→ **EXERCISE**:
Find the lines below in which the string "sleep" occurs. Copy each one.

[Dataset excerpts]
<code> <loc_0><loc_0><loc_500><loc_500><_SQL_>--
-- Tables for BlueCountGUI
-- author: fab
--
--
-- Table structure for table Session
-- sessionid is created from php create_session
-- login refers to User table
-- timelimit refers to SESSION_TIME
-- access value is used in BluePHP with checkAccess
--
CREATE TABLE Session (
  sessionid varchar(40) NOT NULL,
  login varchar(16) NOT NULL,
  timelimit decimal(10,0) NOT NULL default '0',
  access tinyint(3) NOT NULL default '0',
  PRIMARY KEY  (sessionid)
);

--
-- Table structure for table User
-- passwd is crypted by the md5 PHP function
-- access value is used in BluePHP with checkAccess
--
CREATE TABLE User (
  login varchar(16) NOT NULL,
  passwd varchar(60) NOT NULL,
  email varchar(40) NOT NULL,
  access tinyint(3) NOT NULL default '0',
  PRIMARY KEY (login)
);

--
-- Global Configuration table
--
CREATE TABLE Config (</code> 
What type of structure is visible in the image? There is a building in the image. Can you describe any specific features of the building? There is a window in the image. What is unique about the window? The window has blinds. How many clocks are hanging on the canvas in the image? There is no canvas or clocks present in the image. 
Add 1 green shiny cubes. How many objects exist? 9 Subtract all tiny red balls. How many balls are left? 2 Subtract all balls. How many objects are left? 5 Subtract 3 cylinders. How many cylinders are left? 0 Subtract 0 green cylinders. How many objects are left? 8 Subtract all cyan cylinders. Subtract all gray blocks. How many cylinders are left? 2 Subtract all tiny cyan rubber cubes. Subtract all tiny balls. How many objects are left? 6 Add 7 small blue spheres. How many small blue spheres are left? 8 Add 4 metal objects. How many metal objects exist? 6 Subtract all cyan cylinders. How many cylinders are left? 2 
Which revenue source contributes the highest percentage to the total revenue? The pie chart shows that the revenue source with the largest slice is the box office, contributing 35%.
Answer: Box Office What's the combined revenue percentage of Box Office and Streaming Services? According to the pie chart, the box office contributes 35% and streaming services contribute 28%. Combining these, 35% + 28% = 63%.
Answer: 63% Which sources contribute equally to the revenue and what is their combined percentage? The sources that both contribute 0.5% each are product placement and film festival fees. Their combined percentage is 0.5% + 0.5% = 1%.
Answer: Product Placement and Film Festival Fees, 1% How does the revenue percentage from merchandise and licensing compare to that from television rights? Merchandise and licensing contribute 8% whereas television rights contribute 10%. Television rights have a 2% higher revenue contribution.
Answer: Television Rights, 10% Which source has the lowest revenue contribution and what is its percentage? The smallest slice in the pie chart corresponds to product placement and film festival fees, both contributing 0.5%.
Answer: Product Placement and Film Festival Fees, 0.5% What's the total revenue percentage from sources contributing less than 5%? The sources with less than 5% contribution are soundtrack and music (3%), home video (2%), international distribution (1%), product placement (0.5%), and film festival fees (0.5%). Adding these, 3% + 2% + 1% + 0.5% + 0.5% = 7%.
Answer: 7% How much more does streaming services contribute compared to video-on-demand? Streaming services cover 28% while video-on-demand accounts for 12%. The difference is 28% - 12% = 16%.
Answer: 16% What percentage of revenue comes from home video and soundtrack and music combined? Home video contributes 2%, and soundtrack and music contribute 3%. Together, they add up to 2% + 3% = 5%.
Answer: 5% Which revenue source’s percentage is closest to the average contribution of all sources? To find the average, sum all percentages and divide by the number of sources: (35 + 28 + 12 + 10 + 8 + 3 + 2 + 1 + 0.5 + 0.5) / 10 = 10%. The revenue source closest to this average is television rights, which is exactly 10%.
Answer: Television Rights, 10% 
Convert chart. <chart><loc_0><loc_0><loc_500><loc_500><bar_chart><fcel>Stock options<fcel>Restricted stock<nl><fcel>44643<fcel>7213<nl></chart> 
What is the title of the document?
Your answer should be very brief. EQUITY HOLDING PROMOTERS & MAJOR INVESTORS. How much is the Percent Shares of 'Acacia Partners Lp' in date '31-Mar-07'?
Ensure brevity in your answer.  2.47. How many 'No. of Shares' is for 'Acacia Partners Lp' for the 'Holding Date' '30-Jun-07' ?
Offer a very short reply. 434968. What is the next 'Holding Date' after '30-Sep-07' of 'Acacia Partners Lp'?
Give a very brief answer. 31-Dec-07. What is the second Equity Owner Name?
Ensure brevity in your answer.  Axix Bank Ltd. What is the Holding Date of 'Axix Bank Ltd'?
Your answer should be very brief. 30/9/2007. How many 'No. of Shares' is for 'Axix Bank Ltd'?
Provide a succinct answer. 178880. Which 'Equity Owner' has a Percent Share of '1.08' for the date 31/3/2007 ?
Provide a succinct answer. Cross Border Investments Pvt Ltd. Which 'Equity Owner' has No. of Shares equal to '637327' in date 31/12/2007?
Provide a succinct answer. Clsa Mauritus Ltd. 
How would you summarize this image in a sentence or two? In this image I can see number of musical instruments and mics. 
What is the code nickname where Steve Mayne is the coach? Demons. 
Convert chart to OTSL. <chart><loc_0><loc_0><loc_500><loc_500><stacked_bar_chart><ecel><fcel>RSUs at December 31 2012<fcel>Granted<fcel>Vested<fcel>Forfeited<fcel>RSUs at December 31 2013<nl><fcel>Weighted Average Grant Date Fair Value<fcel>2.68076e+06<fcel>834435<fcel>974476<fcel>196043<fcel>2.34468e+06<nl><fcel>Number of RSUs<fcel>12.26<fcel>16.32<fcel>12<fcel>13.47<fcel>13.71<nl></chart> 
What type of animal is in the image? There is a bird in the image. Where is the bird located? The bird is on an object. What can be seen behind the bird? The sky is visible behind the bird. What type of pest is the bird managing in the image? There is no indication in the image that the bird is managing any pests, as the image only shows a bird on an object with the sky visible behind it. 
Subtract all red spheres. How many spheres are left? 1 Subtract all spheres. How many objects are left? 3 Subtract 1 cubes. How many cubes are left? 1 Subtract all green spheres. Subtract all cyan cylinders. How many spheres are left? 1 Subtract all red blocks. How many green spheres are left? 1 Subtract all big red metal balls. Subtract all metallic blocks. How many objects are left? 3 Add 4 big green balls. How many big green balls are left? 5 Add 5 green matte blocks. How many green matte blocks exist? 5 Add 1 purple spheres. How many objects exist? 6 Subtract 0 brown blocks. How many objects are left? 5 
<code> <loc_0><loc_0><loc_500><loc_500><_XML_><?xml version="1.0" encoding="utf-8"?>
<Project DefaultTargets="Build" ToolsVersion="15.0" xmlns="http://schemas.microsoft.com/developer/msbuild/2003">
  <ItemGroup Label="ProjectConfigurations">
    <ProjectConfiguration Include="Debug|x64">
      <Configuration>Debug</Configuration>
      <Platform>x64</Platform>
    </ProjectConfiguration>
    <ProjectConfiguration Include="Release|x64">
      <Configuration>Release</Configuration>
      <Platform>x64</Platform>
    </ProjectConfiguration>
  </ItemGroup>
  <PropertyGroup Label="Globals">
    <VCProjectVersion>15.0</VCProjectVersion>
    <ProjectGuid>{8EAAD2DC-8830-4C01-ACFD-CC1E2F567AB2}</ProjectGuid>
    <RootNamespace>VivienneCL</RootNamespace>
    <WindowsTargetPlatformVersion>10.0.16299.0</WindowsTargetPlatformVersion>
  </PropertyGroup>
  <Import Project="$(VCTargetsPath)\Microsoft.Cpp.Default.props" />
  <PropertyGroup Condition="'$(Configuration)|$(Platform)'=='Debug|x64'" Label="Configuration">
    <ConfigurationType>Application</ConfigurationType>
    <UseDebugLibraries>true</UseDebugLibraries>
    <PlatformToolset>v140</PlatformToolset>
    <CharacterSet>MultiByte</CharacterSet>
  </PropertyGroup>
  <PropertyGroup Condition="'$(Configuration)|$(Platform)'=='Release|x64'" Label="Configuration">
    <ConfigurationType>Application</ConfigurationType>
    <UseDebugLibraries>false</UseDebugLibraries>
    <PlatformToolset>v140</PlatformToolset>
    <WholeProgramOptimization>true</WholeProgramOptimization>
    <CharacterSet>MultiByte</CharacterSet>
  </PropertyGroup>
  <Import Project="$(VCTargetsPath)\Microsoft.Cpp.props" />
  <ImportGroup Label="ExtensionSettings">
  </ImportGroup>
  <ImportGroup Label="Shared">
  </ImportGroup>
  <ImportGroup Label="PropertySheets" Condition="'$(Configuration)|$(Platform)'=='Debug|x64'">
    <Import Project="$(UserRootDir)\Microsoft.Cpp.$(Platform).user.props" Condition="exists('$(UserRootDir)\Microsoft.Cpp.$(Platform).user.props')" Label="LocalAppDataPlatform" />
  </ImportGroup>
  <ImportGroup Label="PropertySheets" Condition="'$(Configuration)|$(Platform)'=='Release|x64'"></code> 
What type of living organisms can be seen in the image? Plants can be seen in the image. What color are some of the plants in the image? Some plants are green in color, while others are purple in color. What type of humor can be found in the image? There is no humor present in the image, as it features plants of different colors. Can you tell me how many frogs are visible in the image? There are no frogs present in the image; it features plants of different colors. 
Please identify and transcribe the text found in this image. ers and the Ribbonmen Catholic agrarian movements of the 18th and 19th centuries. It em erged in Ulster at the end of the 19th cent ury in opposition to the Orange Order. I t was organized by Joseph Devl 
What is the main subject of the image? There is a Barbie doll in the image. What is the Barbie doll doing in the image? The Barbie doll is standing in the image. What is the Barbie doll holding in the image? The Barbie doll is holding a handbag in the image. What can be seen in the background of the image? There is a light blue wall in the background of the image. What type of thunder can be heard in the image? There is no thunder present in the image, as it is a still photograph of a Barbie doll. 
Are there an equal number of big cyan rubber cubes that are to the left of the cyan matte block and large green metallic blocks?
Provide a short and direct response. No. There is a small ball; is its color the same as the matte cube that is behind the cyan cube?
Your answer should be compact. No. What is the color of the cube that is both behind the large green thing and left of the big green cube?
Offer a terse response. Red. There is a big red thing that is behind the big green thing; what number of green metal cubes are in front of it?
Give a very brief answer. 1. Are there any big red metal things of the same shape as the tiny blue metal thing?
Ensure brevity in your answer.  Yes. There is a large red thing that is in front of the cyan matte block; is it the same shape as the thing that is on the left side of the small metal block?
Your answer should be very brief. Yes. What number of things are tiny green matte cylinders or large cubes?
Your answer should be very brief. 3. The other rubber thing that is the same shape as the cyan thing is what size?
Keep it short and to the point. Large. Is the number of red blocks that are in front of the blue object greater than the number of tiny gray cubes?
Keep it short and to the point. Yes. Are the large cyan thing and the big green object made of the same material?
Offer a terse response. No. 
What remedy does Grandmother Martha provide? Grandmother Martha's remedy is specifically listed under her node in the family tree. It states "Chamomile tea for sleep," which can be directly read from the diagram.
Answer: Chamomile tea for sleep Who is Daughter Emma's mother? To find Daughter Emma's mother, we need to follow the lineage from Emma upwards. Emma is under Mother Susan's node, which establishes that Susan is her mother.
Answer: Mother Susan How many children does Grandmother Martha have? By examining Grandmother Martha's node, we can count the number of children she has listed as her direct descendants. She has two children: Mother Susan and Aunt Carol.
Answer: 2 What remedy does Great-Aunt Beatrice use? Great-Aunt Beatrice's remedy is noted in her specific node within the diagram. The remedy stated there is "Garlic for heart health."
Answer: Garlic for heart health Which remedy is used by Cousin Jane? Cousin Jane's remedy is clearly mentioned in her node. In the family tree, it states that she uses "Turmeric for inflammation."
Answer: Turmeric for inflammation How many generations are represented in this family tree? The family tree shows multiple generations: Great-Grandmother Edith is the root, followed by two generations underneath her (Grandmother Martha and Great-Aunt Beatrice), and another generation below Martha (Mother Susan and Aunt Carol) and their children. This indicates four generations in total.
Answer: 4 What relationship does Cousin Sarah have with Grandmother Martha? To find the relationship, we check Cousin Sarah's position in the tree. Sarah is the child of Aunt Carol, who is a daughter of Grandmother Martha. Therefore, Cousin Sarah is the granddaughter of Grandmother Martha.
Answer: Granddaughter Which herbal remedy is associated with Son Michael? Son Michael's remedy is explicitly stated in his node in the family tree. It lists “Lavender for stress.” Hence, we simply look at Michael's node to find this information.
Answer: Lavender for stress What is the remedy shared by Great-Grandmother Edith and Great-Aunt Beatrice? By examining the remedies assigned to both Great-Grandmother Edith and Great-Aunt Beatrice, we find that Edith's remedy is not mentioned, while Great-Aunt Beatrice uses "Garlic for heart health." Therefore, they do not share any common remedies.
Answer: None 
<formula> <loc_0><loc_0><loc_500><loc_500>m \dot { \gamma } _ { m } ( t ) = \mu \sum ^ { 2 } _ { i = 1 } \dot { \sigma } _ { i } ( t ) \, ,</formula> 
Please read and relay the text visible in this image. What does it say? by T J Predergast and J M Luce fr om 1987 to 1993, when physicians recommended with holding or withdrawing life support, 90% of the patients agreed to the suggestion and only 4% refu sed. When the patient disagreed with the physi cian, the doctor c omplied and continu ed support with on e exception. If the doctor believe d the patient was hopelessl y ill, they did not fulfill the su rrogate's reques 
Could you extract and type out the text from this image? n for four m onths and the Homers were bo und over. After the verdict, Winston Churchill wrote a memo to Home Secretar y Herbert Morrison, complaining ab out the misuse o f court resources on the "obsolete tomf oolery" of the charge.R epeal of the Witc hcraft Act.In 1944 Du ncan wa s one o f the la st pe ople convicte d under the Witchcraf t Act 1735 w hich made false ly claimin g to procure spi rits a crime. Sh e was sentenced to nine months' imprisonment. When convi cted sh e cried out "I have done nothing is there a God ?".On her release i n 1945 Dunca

→ **OUTPUT OF THE EXERCISE**:
What remedy does Grandmother Martha provide? Grandmother Martha's remedy is specifically listed under her node in the family tree. It states "Chamomile tea for sleep," which can be directly read from the diagram.
Answer: Chamomile tea for sleep Who is Daughter Emma's mother? To find Daughter Emma's mother, we need to follow the lineage from Emma upwards. Emma is under Mother Susan's node, which establishes that Susan is her mother.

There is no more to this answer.